_TASK INPUT_:
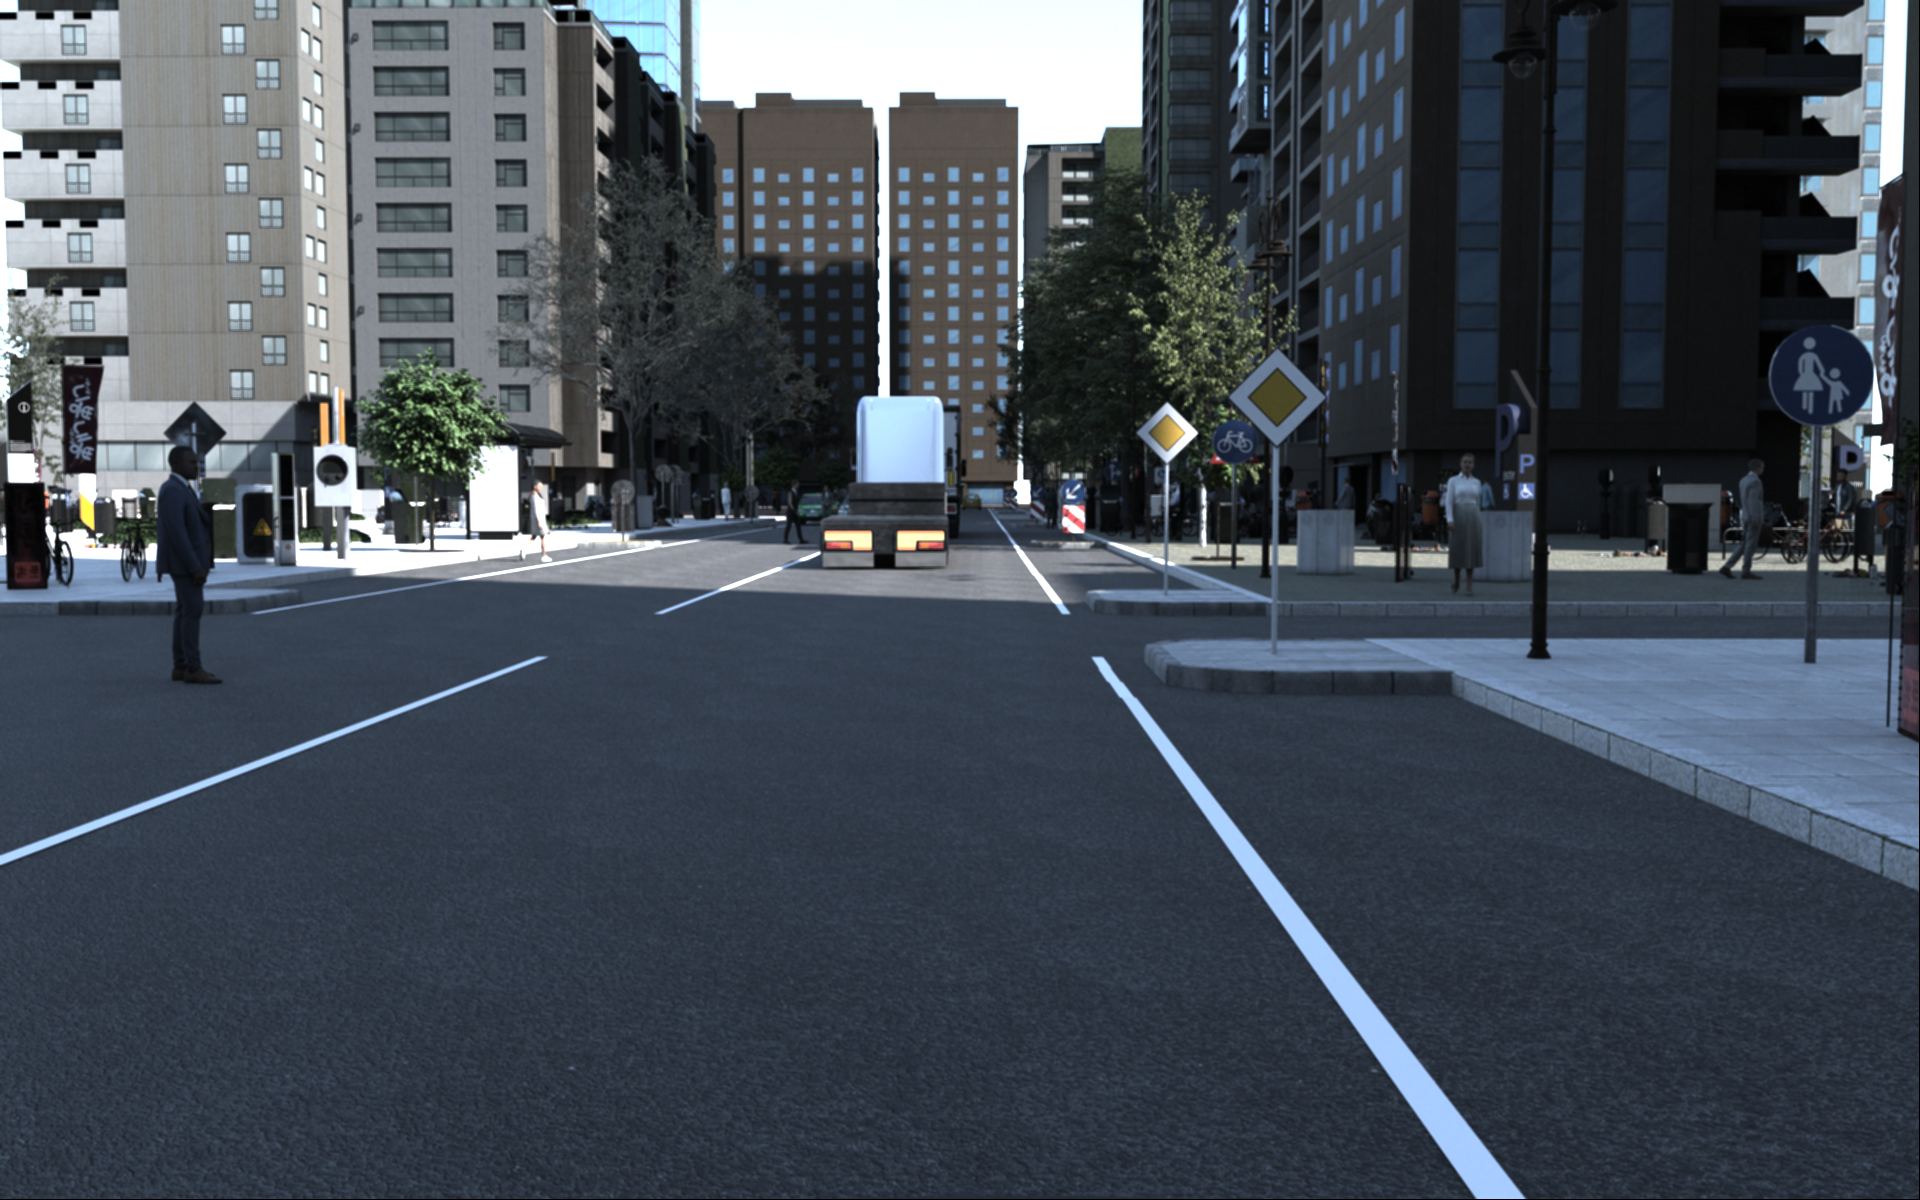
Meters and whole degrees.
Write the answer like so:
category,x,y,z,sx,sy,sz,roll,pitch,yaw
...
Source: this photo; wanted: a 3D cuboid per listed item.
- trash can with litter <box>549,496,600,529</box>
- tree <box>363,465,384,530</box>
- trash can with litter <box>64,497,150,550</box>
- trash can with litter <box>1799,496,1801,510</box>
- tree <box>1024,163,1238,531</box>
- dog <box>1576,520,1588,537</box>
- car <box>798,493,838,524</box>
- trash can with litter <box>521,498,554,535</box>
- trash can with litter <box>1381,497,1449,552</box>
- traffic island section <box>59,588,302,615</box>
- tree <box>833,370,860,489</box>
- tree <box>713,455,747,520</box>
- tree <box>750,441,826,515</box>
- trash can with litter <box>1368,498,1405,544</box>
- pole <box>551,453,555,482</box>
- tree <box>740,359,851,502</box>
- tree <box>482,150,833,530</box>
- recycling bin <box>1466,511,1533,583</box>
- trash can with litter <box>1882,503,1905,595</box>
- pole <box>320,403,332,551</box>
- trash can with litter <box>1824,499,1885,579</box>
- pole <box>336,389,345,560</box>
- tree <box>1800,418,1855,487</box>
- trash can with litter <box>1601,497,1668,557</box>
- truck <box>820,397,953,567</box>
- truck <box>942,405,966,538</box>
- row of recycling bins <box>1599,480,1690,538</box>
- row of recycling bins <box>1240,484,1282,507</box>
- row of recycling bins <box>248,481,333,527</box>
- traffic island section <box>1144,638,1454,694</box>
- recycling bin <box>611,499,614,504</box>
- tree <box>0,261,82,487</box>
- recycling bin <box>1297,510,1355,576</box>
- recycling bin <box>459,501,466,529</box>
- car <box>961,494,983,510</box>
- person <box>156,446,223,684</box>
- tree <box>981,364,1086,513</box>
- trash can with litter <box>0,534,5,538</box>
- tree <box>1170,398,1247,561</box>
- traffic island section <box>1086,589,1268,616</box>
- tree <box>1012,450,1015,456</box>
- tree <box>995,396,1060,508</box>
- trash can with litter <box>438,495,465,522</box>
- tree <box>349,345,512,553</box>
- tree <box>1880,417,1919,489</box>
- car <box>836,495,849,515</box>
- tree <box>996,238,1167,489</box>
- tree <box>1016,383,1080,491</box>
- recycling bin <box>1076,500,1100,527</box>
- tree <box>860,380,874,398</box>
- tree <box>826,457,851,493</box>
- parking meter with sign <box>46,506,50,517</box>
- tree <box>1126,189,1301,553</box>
category,x,y,z,sx,sy,sz,roll,pitch,yaw
trash can with litter,-14.324,-3.191,63.233,2.233,1.210,1.678,0,4,-1
tree,-20.180,-4.102,61.667,1.663,3.219,1.824,0,3,0
trash can with litter,-19.794,-1.813,40.698,2.233,1.210,1.678,0,4,6
trash can with litter,45.246,-5.066,94.210,1.055,1.170,0.624,1,4,20
tree,5.909,-8.688,60.173,7.486,12.596,7.792,0,3,0
dog,18.479,-2.113,51.386,0.406,0.507,0.540,-3,4,-38
car,-6.673,-4.392,80.610,1.959,1.807,4.718,0,4,0
trash can with litter,-13.327,-2.630,54.393,1.055,1.170,0.624,-2,4,-28
trash can with litter,10.435,-1.732,39.372,2.233,1.210,1.678,-2,4,-29
traffic island section,-9.699,0.018,21.990,2.009,0.180,2.903,0,4,1
tree,-12.059,-11.113,92.074,12.009,13.543,11.850,0,3,0
tree,-11.052,-5.524,84.921,1.663,3.219,1.824,0,3,0
tree,-11.054,-7.462,105.719,4.285,4.588,4.351,0,3,0
trash can with litter,10.948,-2.006,44.191,1.055,1.170,0.624,-3,4,-38
pole,-19.979,-5.580,85.071,0.158,3.312,0.155,0,3,0
tree,-11.119,-11.128,116.354,8.767,10.594,7.601,1,4,19
tree,-11.761,-9.290,62.261,12.009,13.543,11.850,0,3,0
recycling bin,7.937,-0.791,25.486,0.722,1.027,0.722,3,5,43
trash can with litter,12.152,-0.644,21.917,0.624,1.170,1.055,0,4,1
pole,-14.238,-2.755,38.879,0.158,3.312,0.155,0,3,0
trash can with litter,14.344,-0.970,26.914,2.233,1.210,1.678,-3,4,-38
pole,-12.118,-2.449,33.883,0.158,3.312,0.155,0,3,0
tree,35.414,-7.513,73.201,4.737,8.622,4.395,0,3,0
trash can with litter,14.062,-1.520,35.912,2.233,1.210,1.678,-2,4,-27
truck,-1.564,-3.195,41.990,2.967,4.110,18.799,0,4,-1
truck,-1.205,-4.350,60.029,2.839,4.237,11.283,0,4,0
row of recycling bins,20.084,-2.670,50.764,1.069,1.692,3.534,-1,4,-19
row of recycling bins,12.090,-3.993,72.392,3.534,1.692,1.069,0,4,0
row of recycling bins,-21.204,-2.832,53.412,3.534,1.692,1.069,-1,4,-19
traffic island section,2.560,0.514,13.874,2.009,0.180,2.903,0,4,1
recycling bin,-18.765,-5.065,95.363,0.722,1.027,0.722,1,4,12
tree,-29.366,-6.355,54.272,4.360,8.622,3.978,0,3,0
recycling bin,5.853,-0.927,27.707,0.722,1.027,0.722,2,4,33
recycling bin,-18.031,-3.133,63.774,0.722,1.027,0.722,-2,4,-25
car,1.056,-8.959,156.696,2.015,1.641,3.980,0,4,0
person,-5.933,-0.280,13.266,0.419,1.800,0.721,-2,4,-29
tree,5.383,-11.086,115.662,7.601,10.594,8.767,2,4,23
trash can with litter,-28.423,-2.375,49.896,1.678,1.210,2.233,1,4,21
tree,5.123,-2.397,33.786,1.663,3.219,1.824,0,3,0
traffic island section,2.642,0.026,21.859,2.009,0.180,2.903,0,4,1
tree,6.306,-11.468,137.871,4.360,8.622,3.978,0,3,0
tree,7.151,-14.522,163.183,9.928,11.665,9.643,0,3,0
trash can with litter,-24.050,-4.180,79.396,1.678,1.210,2.233,1,4,23
tree,-11.681,-3.340,38.330,4.285,4.588,4.351,0,3,0
tree,20.867,-2.619,37.418,1.663,3.219,1.824,0,3,0
car,-4.591,-4.159,79.792,2.131,1.459,4.920,0,4,2
tree,6.619,-10.976,86.116,9.857,13.997,8.962,0,3,0
tree,5.969,-9.356,103.340,4.360,8.622,3.978,0,3,0
recycling bin,5.025,-3.391,67.993,0.722,1.027,0.722,-3,4,-37
tree,-11.521,-16.014,172.192,12.009,13.543,11.850,0,3,0
tree,-11.326,-10.475,154.978,4.285,4.588,4.351,0,3,0
parking meter with sign,-50.752,-6.014,94.594,1.738,3.016,0.543,-2,4,-24
tree,5.953,-5.595,41.844,4.737,8.622,4.395,0,3,0

_TASK TO CARRY OUT_:
Please provide a faithful transcription of all the data, pictures excluded.

_ANSWER SPACE_:
Meters and whole degrees.
Write the answer like so:
category,x,y,z,sx,sy,sz,roll,pitch,yaw
...
Source: this photo; wanted: a 3D cuboid per listed item.
- trash can with litter <box>549,496,600,529</box>
- tree <box>363,465,384,530</box>
- trash can with litter <box>64,497,150,550</box>
- trash can with litter <box>1799,496,1801,510</box>
- tree <box>1024,163,1238,531</box>
- dog <box>1576,520,1588,537</box>
- car <box>798,493,838,524</box>
- trash can with litter <box>521,498,554,535</box>
- trash can with litter <box>1381,497,1449,552</box>
- traffic island section <box>59,588,302,615</box>
- tree <box>833,370,860,489</box>
- tree <box>713,455,747,520</box>
- tree <box>750,441,826,515</box>
- trash can with litter <box>1368,498,1405,544</box>
- pole <box>551,453,555,482</box>
- tree <box>740,359,851,502</box>
- tree <box>482,150,833,530</box>
- recycling bin <box>1466,511,1533,583</box>
- trash can with litter <box>1882,503,1905,595</box>
- pole <box>320,403,332,551</box>
- trash can with litter <box>1824,499,1885,579</box>
- pole <box>336,389,345,560</box>
- tree <box>1800,418,1855,487</box>
- trash can with litter <box>1601,497,1668,557</box>
- truck <box>820,397,953,567</box>
- truck <box>942,405,966,538</box>
- row of recycling bins <box>1599,480,1690,538</box>
- row of recycling bins <box>1240,484,1282,507</box>
- row of recycling bins <box>248,481,333,527</box>
- traffic island section <box>1144,638,1454,694</box>
- recycling bin <box>611,499,614,504</box>
- tree <box>0,261,82,487</box>
- recycling bin <box>1297,510,1355,576</box>
- recycling bin <box>459,501,466,529</box>
- car <box>961,494,983,510</box>
- person <box>156,446,223,684</box>
- tree <box>981,364,1086,513</box>
- trash can with litter <box>0,534,5,538</box>
- tree <box>1170,398,1247,561</box>
- traffic island section <box>1086,589,1268,616</box>
- tree <box>1012,450,1015,456</box>
- tree <box>995,396,1060,508</box>
- trash can with litter <box>438,495,465,522</box>
- tree <box>349,345,512,553</box>
- tree <box>1880,417,1919,489</box>
- car <box>836,495,849,515</box>
- tree <box>996,238,1167,489</box>
- tree <box>1016,383,1080,491</box>
- recycling bin <box>1076,500,1100,527</box>
- tree <box>860,380,874,398</box>
- tree <box>826,457,851,493</box>
- parking meter with sign <box>46,506,50,517</box>
- tree <box>1126,189,1301,553</box>
category,x,y,z,sx,sy,sz,roll,pitch,yaw
trash can with litter,-14.324,-3.191,63.233,2.233,1.210,1.678,0,4,-1
tree,-20.180,-4.102,61.667,1.663,3.219,1.824,0,3,0
trash can with litter,-19.794,-1.813,40.698,2.233,1.210,1.678,0,4,6
trash can with litter,45.246,-5.066,94.210,1.055,1.170,0.624,1,4,20
tree,5.909,-8.688,60.173,7.486,12.596,7.792,0,3,0
dog,18.479,-2.113,51.386,0.406,0.507,0.540,-3,4,-38
car,-6.673,-4.392,80.610,1.959,1.807,4.718,0,4,0
trash can with litter,-13.327,-2.630,54.393,1.055,1.170,0.624,-2,4,-28
trash can with litter,10.435,-1.732,39.372,2.233,1.210,1.678,-2,4,-29
traffic island section,-9.699,0.018,21.990,2.009,0.180,2.903,0,4,1
tree,-12.059,-11.113,92.074,12.009,13.543,11.850,0,3,0
tree,-11.052,-5.524,84.921,1.663,3.219,1.824,0,3,0
tree,-11.054,-7.462,105.719,4.285,4.588,4.351,0,3,0
trash can with litter,10.948,-2.006,44.191,1.055,1.170,0.624,-3,4,-38
pole,-19.979,-5.580,85.071,0.158,3.312,0.155,0,3,0
tree,-11.119,-11.128,116.354,8.767,10.594,7.601,1,4,19
tree,-11.761,-9.290,62.261,12.009,13.543,11.850,0,3,0
recycling bin,7.937,-0.791,25.486,0.722,1.027,0.722,3,5,43
trash can with litter,12.152,-0.644,21.917,0.624,1.170,1.055,0,4,1
pole,-14.238,-2.755,38.879,0.158,3.312,0.155,0,3,0
trash can with litter,14.344,-0.970,26.914,2.233,1.210,1.678,-3,4,-38
pole,-12.118,-2.449,33.883,0.158,3.312,0.155,0,3,0
tree,35.414,-7.513,73.201,4.737,8.622,4.395,0,3,0
trash can with litter,14.062,-1.520,35.912,2.233,1.210,1.678,-2,4,-27
truck,-1.564,-3.195,41.990,2.967,4.110,18.799,0,4,-1
truck,-1.205,-4.350,60.029,2.839,4.237,11.283,0,4,0
row of recycling bins,20.084,-2.670,50.764,1.069,1.692,3.534,-1,4,-19
row of recycling bins,12.090,-3.993,72.392,3.534,1.692,1.069,0,4,0
row of recycling bins,-21.204,-2.832,53.412,3.534,1.692,1.069,-1,4,-19
traffic island section,2.560,0.514,13.874,2.009,0.180,2.903,0,4,1
recycling bin,-18.765,-5.065,95.363,0.722,1.027,0.722,1,4,12
tree,-29.366,-6.355,54.272,4.360,8.622,3.978,0,3,0
recycling bin,5.853,-0.927,27.707,0.722,1.027,0.722,2,4,33
recycling bin,-18.031,-3.133,63.774,0.722,1.027,0.722,-2,4,-25
car,1.056,-8.959,156.696,2.015,1.641,3.980,0,4,0
person,-5.933,-0.280,13.266,0.419,1.800,0.721,-2,4,-29
tree,5.383,-11.086,115.662,7.601,10.594,8.767,2,4,23
trash can with litter,-28.423,-2.375,49.896,1.678,1.210,2.233,1,4,21
tree,5.123,-2.397,33.786,1.663,3.219,1.824,0,3,0
traffic island section,2.642,0.026,21.859,2.009,0.180,2.903,0,4,1
tree,6.306,-11.468,137.871,4.360,8.622,3.978,0,3,0
tree,7.151,-14.522,163.183,9.928,11.665,9.643,0,3,0
trash can with litter,-24.050,-4.180,79.396,1.678,1.210,2.233,1,4,23
tree,-11.681,-3.340,38.330,4.285,4.588,4.351,0,3,0
tree,20.867,-2.619,37.418,1.663,3.219,1.824,0,3,0
car,-4.591,-4.159,79.792,2.131,1.459,4.920,0,4,2
tree,6.619,-10.976,86.116,9.857,13.997,8.962,0,3,0
tree,5.969,-9.356,103.340,4.360,8.622,3.978,0,3,0
recycling bin,5.025,-3.391,67.993,0.722,1.027,0.722,-3,4,-37
tree,-11.521,-16.014,172.192,12.009,13.543,11.850,0,3,0
tree,-11.326,-10.475,154.978,4.285,4.588,4.351,0,3,0
parking meter with sign,-50.752,-6.014,94.594,1.738,3.016,0.543,-2,4,-24
tree,5.953,-5.595,41.844,4.737,8.622,4.395,0,3,0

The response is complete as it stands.